**Dataset entries**
Content starts
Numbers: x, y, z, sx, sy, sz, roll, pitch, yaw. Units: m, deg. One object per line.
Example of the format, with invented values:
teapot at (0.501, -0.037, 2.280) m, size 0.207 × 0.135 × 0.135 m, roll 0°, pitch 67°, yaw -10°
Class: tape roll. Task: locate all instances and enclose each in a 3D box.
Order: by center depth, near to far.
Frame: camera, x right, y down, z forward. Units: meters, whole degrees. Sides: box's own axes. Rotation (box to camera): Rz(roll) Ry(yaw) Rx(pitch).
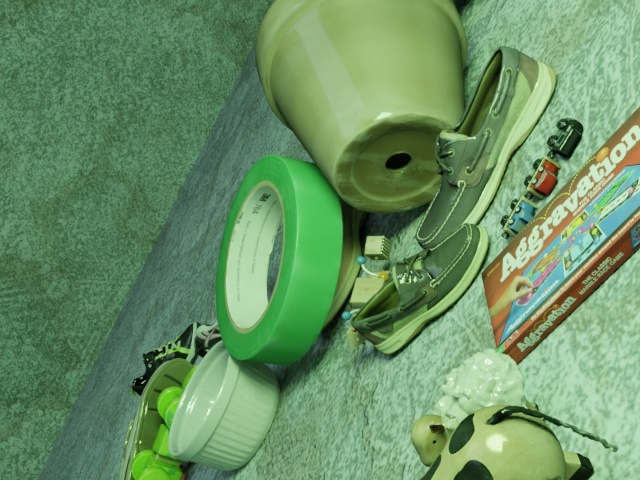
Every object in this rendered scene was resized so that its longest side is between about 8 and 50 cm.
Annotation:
tape roll at (-0.071, 0.030, 1.459) m, size 0.321 × 0.077 × 0.321 m, roll -37°, pitch 49°, yaw 57°

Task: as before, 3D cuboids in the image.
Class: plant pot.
plant pot at (0.082, -0.202, 1.364) m, size 0.323 × 0.323 × 0.280 m, roll -49°, pitch 37°, yaw 33°

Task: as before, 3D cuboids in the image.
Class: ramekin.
ramekin at (-0.154, 0.278, 1.543) m, size 0.207 × 0.109 × 0.207 m, roll -52°, pitch 19°, yaw 26°

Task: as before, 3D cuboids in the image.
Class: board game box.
board game box at (0.268, -0.013, 0.951) m, size 0.281 × 0.027 × 0.145 m, roll -51°, pitch 19°, yaw 29°

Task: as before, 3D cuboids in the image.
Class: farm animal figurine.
farm animal figurine at (0.097, 0.264, 0.758) m, size 0.326 × 0.172 × 0.330 m, roll -59°, pitch 18°, yaw 6°

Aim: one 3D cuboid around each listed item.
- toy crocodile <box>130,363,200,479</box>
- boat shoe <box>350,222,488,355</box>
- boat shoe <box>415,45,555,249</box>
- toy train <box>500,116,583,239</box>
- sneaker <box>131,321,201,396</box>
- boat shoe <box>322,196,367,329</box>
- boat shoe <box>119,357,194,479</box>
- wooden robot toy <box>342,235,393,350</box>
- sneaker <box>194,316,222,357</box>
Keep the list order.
toy crocodile at (-0.274, 0.387, 1.750) m, size 0.340 × 0.105 × 0.115 m, roll -67°, pitch 18°, yaw -4°
boat shoe at (0.119, 0.057, 1.177) m, size 0.223 × 0.073 × 0.080 m, roll -50°, pitch 21°, yaw 32°
boat shoe at (0.192, -0.116, 1.208) m, size 0.285 × 0.092 × 0.103 m, roll -59°, pitch 19°, yaw 9°
toy train at (0.254, -0.069, 1.077) m, size 0.158 × 0.027 × 0.036 m, roll -60°, pitch 28°, yaw 2°
sneaker at (-0.351, 0.273, 2.115) m, size 0.234 × 0.097 × 0.084 m, roll -56°, pitch 19°, yaw 16°
boat shoe at (0.000, 0.000, 1.534) m, size 0.121 × 0.110 × 0.341 m, roll -43°, pitch 25°, yaw 46°
boat shoe at (-0.341, 0.381, 1.899) m, size 0.103 × 0.113 × 0.302 m, roll -27°, pitch 38°, yaw 51°
wooden robot toy at (0.090, 0.074, 1.292) m, size 0.079 × 0.076 × 0.173 m, roll -4°, pitch 51°, yaw 28°
sneaker at (-0.208, 0.206, 1.878) m, size 0.178 × 0.072 × 0.077 m, roll 133°, pitch 147°, yaw -53°
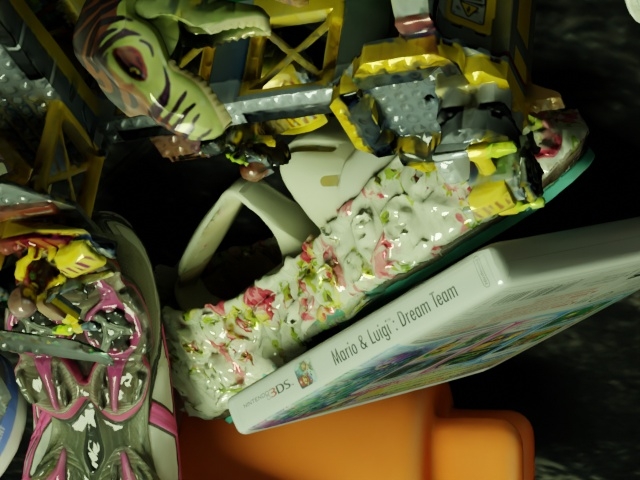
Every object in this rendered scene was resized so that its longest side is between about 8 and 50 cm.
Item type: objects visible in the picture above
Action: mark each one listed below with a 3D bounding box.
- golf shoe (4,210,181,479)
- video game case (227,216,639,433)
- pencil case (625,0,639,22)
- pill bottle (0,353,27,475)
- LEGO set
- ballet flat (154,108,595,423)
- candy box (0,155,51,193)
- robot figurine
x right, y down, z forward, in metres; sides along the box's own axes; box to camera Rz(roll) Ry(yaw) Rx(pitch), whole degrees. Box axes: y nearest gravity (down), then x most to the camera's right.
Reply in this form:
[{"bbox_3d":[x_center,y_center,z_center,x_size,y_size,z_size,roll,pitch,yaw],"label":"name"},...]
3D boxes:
[{"bbox_3d":[-0.085,0.079,0.747,0.067,0.086,0.186,6,111,5],"label":"golf shoe"},{"bbox_3d":[0.063,0.028,0.710,0.157,0.019,0.143,-10,163,-48],"label":"video game case"},{"bbox_3d":[0.073,-0.158,0.367,0.183,0.160,0.410,-30,135,20],"label":"pencil case"},{"bbox_3d":[-0.187,0.050,0.733,0.078,0.078,0.137,-14,144,31],"label":"pill bottle"},{"bbox_3d":[-0.074,-0.062,0.520,0.255,0.192,0.331,-2,147,15],"label":"LEGO set"},{"bbox_3d":[0.000,0.000,0.716,0.077,0.091,0.241,50,133,-3],"label":"ballet flat"},{"bbox_3d":[-0.212,-0.008,0.768,0.186,0.053,0.109,-20,139,38],"label":"candy box"},{"bbox_3d":[-0.015,0.113,0.845,0.219,0.158,0.128,-1,128,14],"label":"robot figurine"}]
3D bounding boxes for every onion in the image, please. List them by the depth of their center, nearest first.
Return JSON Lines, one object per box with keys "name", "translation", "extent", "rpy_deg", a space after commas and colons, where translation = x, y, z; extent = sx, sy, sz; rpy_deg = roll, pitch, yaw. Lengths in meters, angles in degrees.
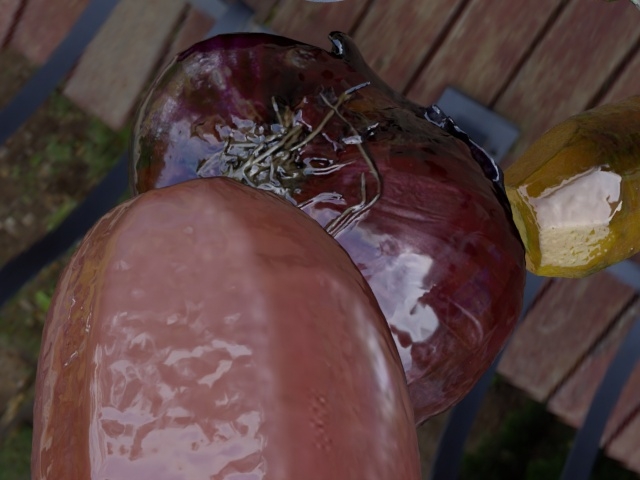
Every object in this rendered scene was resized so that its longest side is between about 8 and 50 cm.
{"name": "onion", "translation": [-0.006, -0.005, 1.064], "extent": [0.221, 0.281, 0.281], "rpy_deg": [-45, 101, 3]}

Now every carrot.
{"name": "carrot", "translation": [0.265, -0.063, 1.282], "extent": [0.114, 0.302, 0.114], "rpy_deg": [49, 152, 38]}

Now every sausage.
{"name": "sausage", "translation": [-0.033, 0.091, 0.609], "extent": [0.148, 0.254, 0.148], "rpy_deg": [-2, 153, -1]}

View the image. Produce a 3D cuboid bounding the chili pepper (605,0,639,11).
{"name": "chili pepper", "translation": [0.090, -0.163, 0.668], "extent": [0.045, 0.027, 0.178], "rpy_deg": [-8, 106, 55]}
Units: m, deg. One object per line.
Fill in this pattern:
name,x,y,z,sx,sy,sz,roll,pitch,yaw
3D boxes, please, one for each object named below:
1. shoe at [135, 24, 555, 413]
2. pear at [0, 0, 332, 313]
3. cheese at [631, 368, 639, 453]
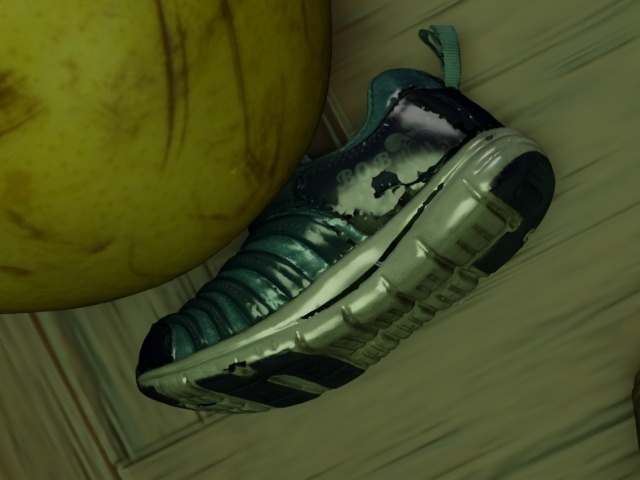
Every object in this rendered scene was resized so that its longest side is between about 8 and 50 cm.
shoe,0.000,0.000,0.805,0.207,0.091,0.106,-40,66,12
pear,-0.131,-0.105,0.720,0.281,0.281,0.280,0,94,7
cheese,0.204,0.182,0.705,0.124,0.242,0.265,-10,93,7
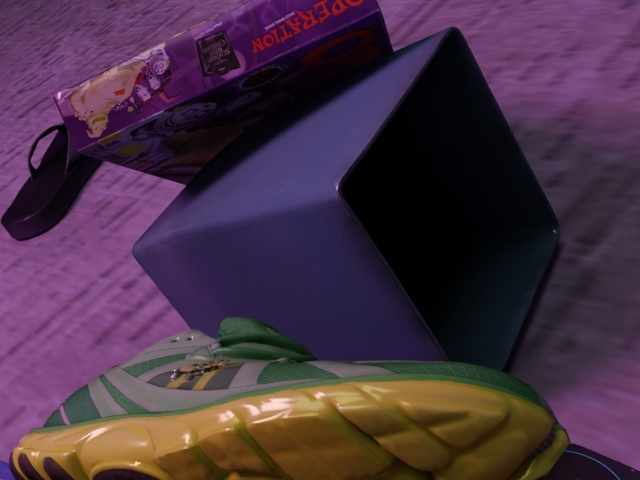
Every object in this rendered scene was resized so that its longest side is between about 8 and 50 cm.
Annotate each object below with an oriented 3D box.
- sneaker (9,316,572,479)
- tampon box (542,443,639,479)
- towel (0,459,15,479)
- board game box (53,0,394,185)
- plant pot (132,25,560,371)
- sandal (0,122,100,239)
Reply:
[{"bbox_3d":[-0.028,0.082,0.425,0.295,0.109,0.123,-9,35,33],"label":"sneaker"},{"bbox_3d":[0.127,0.166,0.280,0.120,0.101,0.161,-43,34,-23],"label":"tampon box"},{"bbox_3d":[-0.285,0.219,0.437,0.040,0.243,0.336,-59,9,39],"label":"towel"},{"bbox_3d":[-0.039,-0.107,0.698,0.208,0.056,0.347,-28,-6,8],"label":"board game box"},{"bbox_3d":[0.000,0.000,0.587,0.234,0.165,0.166,-10,34,41],"label":"plant pot"},{"bbox_3d":[-0.324,-0.098,1.091,0.097,0.054,0.254,-19,31,14],"label":"sandal"}]
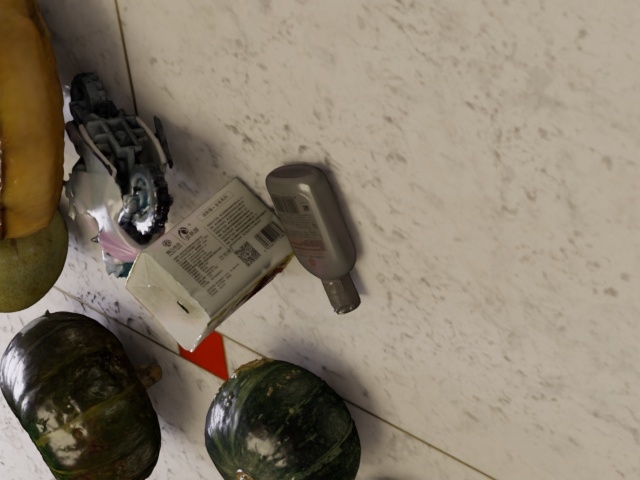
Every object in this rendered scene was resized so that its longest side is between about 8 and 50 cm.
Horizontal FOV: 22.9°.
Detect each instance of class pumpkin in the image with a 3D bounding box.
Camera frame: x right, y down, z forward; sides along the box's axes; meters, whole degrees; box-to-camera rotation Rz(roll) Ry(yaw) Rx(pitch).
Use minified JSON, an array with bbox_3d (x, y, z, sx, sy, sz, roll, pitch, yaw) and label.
[{"bbox_3d":[-0.291,0.207,2.031,0.260,0.189,0.260,53,167,18],"label":"pumpkin"},{"bbox_3d":[-0.043,0.220,1.779,0.190,0.146,0.190,15,134,17],"label":"pumpkin"}]

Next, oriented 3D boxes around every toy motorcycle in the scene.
[{"bbox_3d":[-0.230,-0.049,1.740,0.239,0.108,0.204,-107,21,-47],"label":"toy motorcycle"}]

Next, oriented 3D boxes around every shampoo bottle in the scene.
[{"bbox_3d":[0.000,0.000,1.619,0.080,0.040,0.165,4,126,45],"label":"shampoo bottle"}]

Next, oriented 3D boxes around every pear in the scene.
[{"bbox_3d":[-0.396,0.004,1.959,0.167,0.167,0.136,49,152,1],"label":"pear"}]

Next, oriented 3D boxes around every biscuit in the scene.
[{"bbox_3d":[-0.341,-0.147,1.732,0.296,0.102,0.296,173,90,-72],"label":"biscuit"}]

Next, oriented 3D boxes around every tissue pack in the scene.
[{"bbox_3d":[-0.115,0.025,1.674,0.106,0.149,0.099,44,145,8],"label":"tissue pack"}]
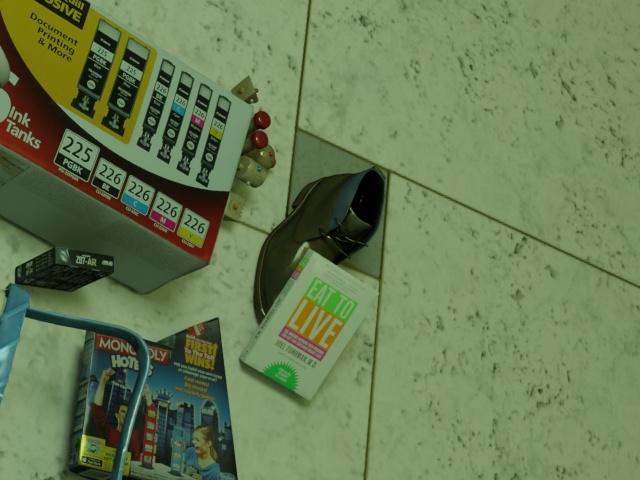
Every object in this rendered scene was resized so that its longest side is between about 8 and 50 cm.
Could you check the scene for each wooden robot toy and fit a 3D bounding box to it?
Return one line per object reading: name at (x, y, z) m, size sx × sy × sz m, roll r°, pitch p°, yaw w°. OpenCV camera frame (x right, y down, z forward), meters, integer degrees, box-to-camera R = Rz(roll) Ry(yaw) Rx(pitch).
wooden robot toy at (-0.074, -0.096, 1.798) m, size 0.079 × 0.076 × 0.173 m, roll 30°, pitch 56°, yaw -42°

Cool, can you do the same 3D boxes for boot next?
boot at (0.000, 0.000, 1.796) m, size 0.082 × 0.106 × 0.219 m, roll 40°, pitch 52°, yaw -23°

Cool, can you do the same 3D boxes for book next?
book at (-0.014, 0.093, 1.758) m, size 0.096 × 0.035 × 0.144 m, roll 33°, pitch 88°, yaw -27°

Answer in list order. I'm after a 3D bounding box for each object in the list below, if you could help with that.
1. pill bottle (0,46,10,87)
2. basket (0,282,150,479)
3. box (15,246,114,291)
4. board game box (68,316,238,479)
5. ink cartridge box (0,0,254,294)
pill bottle at (-0.427, -0.123, 1.374) m, size 0.283 × 0.161 × 0.161 m, roll -38°, pitch 102°, yaw -12°
basket at (-0.305, 0.167, 1.403) m, size 0.289 × 0.201 × 0.254 m, roll 20°, pitch 61°, yaw -23°
box at (-0.256, 0.030, 1.579) m, size 0.067 × 0.083 × 0.018 m, roll 11°, pitch 68°, yaw -37°
board game box at (-0.168, 0.162, 1.623) m, size 0.194 × 0.060 × 0.194 m, roll 21°, pitch 60°, yaw -34°
ink cartridge box at (-0.237, -0.141, 1.629) m, size 0.309 × 0.130 × 0.272 m, roll 31°, pitch 55°, yaw -28°
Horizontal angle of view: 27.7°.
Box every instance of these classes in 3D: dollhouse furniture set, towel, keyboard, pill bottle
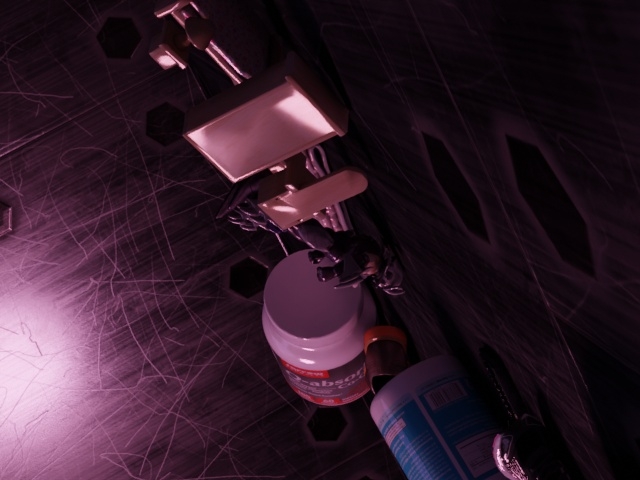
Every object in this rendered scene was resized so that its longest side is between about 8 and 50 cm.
[{"bbox_3d":[-0.050,-0.251,1.693,0.303,0.174,0.355,45,-145,-36],"label":"dollhouse furniture set"},{"bbox_3d":[-0.035,-0.122,2.163,0.317,0.053,0.332,55,172,46],"label":"towel"},{"bbox_3d":[0.230,0.222,1.529,0.192,0.038,0.100,61,175,-12],"label":"keyboard"},{"bbox_3d":[0.005,0.161,2.403,0.210,0.210,0.363,59,175,23],"label":"pill bottle"},{"bbox_3d":[0.186,0.294,1.716,0.264,0.146,0.146,59,175,25],"label":"pill bottle"}]

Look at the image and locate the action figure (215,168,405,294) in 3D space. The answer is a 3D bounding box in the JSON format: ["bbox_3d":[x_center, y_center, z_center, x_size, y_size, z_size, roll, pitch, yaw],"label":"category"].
[{"bbox_3d":[0.000,0.000,1.824,0.285,0.099,0.185,31,179,-11],"label":"action figure"}]

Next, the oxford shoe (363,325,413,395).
[{"bbox_3d":[0.118,0.252,2.257,0.271,0.097,0.098,69,-161,-55],"label":"oxford shoe"}]

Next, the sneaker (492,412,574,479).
Content ends
**Task objective**
Check each line of the entries for the string "Units". Copy the lines that have it.

**Response to this exercise**
Numbers: x, y, z, sx, sy, sz, roll, pitch, yaw. Units: m, deg. One object per line.
Frame: camera, x right, y down, z forward. Units: meters, whole degrees. Sides: box's own axes. Rotation (box to camera): Rz(roll) Ry(yaw) Rx(pitch).
Units: m, deg. One object per line.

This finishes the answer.